→ EXERCISE:
Print, exactly as they appear in the listing below, the lines from the line with "import ezdxf" to the line with "doc.styles.add('MS Pゴシック', font='txt')", with both end lines kept.

→ PROVIDED MATERIAL:

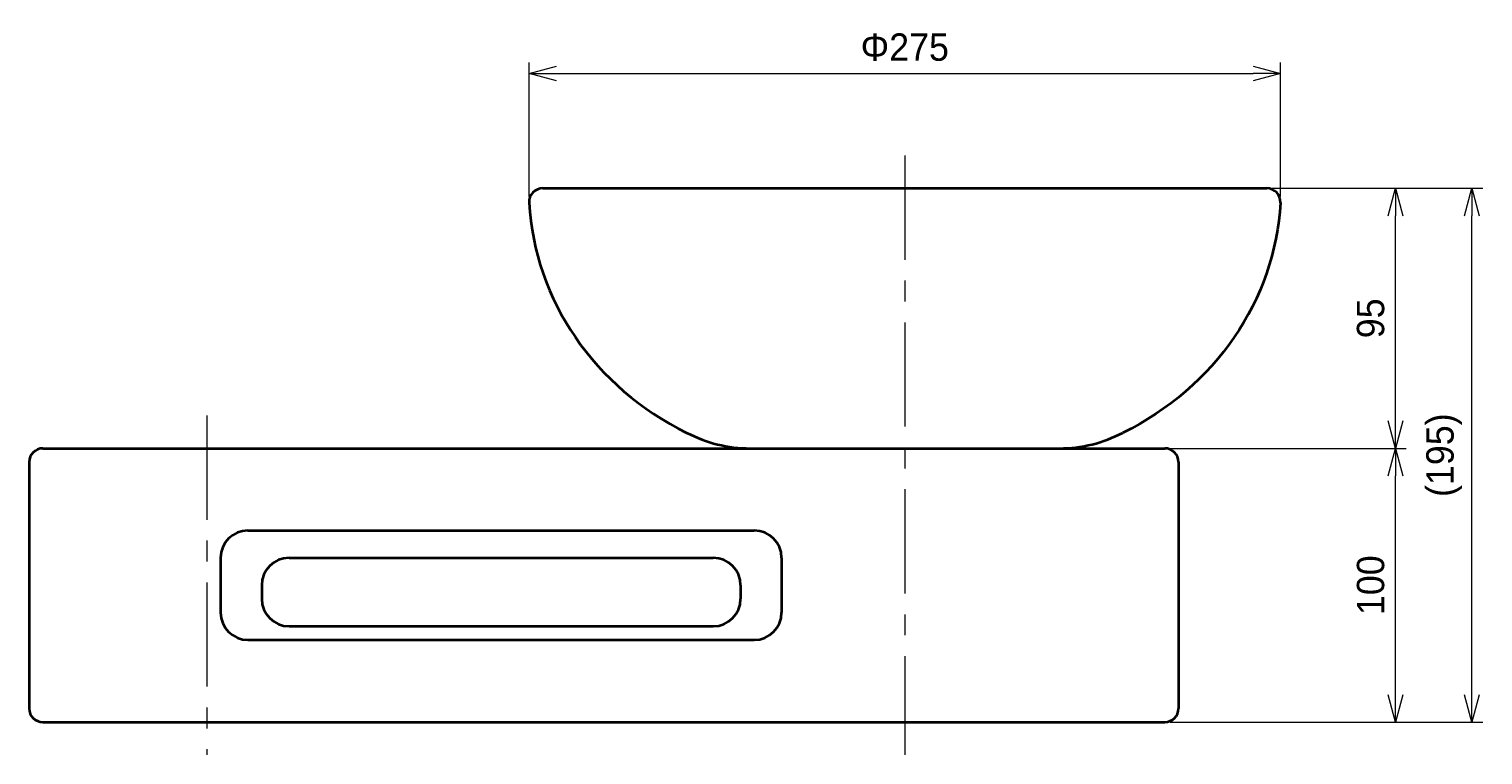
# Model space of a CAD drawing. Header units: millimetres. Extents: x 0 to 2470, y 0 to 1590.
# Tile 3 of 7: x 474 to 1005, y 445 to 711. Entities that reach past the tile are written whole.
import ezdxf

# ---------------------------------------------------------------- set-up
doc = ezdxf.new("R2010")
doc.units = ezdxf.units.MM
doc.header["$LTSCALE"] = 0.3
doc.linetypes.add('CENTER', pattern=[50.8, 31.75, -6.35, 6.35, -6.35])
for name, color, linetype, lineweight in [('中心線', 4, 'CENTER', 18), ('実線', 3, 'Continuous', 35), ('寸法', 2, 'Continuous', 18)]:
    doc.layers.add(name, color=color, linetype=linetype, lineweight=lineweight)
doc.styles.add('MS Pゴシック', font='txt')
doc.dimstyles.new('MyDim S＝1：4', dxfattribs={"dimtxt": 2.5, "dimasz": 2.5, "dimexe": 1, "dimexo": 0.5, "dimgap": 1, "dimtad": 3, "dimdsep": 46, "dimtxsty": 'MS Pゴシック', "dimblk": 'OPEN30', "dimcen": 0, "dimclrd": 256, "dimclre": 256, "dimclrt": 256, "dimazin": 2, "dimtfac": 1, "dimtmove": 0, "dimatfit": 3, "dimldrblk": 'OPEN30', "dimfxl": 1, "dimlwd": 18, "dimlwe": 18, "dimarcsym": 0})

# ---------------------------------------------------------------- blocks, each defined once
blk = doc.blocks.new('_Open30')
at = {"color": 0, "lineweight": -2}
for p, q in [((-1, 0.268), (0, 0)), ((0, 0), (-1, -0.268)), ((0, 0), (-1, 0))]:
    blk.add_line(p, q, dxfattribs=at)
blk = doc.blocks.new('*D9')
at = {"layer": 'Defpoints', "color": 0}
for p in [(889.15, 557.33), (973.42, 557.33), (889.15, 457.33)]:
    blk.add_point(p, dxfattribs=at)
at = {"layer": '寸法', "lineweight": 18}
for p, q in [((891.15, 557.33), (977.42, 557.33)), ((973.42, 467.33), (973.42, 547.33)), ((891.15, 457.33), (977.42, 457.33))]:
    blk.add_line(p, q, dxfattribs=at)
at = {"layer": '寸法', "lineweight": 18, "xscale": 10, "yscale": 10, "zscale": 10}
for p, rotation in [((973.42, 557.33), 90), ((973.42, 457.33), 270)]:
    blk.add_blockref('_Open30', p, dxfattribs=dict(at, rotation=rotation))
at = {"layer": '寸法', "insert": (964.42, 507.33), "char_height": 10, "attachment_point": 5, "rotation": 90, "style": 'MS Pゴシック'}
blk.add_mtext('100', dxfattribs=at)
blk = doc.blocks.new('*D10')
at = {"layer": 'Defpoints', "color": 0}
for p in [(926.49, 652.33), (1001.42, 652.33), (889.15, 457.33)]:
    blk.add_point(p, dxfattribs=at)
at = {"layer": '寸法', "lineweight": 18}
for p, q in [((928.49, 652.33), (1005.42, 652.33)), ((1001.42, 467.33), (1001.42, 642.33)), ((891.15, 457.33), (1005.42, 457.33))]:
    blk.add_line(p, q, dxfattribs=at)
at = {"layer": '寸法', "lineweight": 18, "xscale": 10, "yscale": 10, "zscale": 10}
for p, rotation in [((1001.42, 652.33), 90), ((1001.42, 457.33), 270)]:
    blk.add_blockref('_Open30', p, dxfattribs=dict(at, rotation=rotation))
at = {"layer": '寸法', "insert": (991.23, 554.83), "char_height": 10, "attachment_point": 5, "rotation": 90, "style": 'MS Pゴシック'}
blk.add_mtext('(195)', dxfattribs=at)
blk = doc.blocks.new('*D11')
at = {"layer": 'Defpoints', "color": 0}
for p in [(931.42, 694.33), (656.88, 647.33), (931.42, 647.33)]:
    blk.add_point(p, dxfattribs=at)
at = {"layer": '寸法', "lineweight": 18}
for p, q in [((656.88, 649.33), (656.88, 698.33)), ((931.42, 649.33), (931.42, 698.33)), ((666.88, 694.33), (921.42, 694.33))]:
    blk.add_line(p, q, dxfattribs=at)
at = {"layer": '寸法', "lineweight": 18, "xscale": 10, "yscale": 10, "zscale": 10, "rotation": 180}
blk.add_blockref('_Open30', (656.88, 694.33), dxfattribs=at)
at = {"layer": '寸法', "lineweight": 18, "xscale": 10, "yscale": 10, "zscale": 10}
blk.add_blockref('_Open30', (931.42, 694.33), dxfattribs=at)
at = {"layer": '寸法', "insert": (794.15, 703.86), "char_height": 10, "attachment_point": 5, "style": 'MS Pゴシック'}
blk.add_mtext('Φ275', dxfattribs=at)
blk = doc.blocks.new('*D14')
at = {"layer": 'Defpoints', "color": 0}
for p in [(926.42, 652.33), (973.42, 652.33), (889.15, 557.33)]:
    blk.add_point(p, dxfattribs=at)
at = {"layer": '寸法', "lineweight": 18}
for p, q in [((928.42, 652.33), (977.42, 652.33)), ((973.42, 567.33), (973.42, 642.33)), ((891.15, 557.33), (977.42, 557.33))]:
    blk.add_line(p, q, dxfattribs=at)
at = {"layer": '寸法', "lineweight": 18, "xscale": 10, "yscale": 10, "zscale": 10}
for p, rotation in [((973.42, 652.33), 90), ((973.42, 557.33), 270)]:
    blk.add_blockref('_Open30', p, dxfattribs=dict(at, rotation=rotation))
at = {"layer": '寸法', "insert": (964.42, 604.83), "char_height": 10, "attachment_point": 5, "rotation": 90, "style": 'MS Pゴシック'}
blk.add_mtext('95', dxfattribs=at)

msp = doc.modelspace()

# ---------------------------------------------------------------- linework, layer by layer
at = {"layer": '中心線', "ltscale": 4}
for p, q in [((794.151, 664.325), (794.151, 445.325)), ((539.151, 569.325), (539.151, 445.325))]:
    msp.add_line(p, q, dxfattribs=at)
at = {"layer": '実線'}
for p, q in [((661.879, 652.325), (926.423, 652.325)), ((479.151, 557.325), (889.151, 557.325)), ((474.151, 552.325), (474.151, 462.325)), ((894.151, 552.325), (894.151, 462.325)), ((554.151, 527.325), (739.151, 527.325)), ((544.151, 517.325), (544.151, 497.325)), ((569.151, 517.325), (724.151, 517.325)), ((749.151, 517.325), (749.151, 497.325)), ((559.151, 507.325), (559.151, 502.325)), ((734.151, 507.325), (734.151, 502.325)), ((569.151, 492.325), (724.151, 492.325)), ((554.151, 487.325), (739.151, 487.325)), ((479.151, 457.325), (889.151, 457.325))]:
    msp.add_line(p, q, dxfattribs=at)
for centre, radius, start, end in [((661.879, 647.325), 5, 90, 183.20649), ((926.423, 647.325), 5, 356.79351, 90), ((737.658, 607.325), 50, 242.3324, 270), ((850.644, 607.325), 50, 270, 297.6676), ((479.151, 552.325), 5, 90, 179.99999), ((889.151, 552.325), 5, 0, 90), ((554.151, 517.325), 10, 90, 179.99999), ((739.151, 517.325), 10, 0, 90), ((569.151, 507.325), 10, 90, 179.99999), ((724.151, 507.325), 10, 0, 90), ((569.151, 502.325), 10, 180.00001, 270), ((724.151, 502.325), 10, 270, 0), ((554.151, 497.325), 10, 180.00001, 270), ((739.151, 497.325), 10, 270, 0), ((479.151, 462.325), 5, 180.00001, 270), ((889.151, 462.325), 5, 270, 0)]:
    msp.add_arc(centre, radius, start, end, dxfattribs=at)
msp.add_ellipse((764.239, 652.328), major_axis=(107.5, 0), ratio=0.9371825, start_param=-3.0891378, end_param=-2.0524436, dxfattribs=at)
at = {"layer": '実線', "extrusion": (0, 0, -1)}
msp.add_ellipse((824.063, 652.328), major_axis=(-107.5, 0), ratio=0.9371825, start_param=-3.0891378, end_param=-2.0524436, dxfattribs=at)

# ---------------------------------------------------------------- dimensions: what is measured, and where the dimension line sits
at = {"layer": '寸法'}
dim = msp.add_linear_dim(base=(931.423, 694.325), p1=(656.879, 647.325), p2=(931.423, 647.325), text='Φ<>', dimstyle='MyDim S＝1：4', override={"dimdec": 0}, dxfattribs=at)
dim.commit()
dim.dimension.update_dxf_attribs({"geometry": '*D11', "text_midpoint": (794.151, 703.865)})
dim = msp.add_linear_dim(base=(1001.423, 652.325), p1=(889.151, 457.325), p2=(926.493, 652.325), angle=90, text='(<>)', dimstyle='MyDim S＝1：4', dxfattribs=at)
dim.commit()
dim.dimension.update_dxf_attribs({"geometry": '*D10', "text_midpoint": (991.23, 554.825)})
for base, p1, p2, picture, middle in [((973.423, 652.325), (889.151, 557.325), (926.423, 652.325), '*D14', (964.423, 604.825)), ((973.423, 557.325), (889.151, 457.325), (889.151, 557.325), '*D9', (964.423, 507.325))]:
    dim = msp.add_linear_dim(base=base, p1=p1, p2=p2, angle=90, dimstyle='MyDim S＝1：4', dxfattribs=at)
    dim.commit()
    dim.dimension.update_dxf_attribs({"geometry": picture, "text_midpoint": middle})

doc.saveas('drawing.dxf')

→ TASK SOLUTION:
import ezdxf

# ---------------------------------------------------------------- set-up
doc = ezdxf.new("R2010")
doc.units = ezdxf.units.MM
doc.header["$LTSCALE"] = 0.3
doc.linetypes.add('CENTER', pattern=[50.8, 31.75, -6.35, 6.35, -6.35])
for name, color, linetype, lineweight in [('中心線', 4, 'CENTER', 18), ('実線', 3, 'Continuous', 35), ('寸法', 2, 'Continuous', 18)]:
    doc.layers.add(name, color=color, linetype=linetype, lineweight=lineweight)
doc.styles.add('MS Pゴシック', font='txt')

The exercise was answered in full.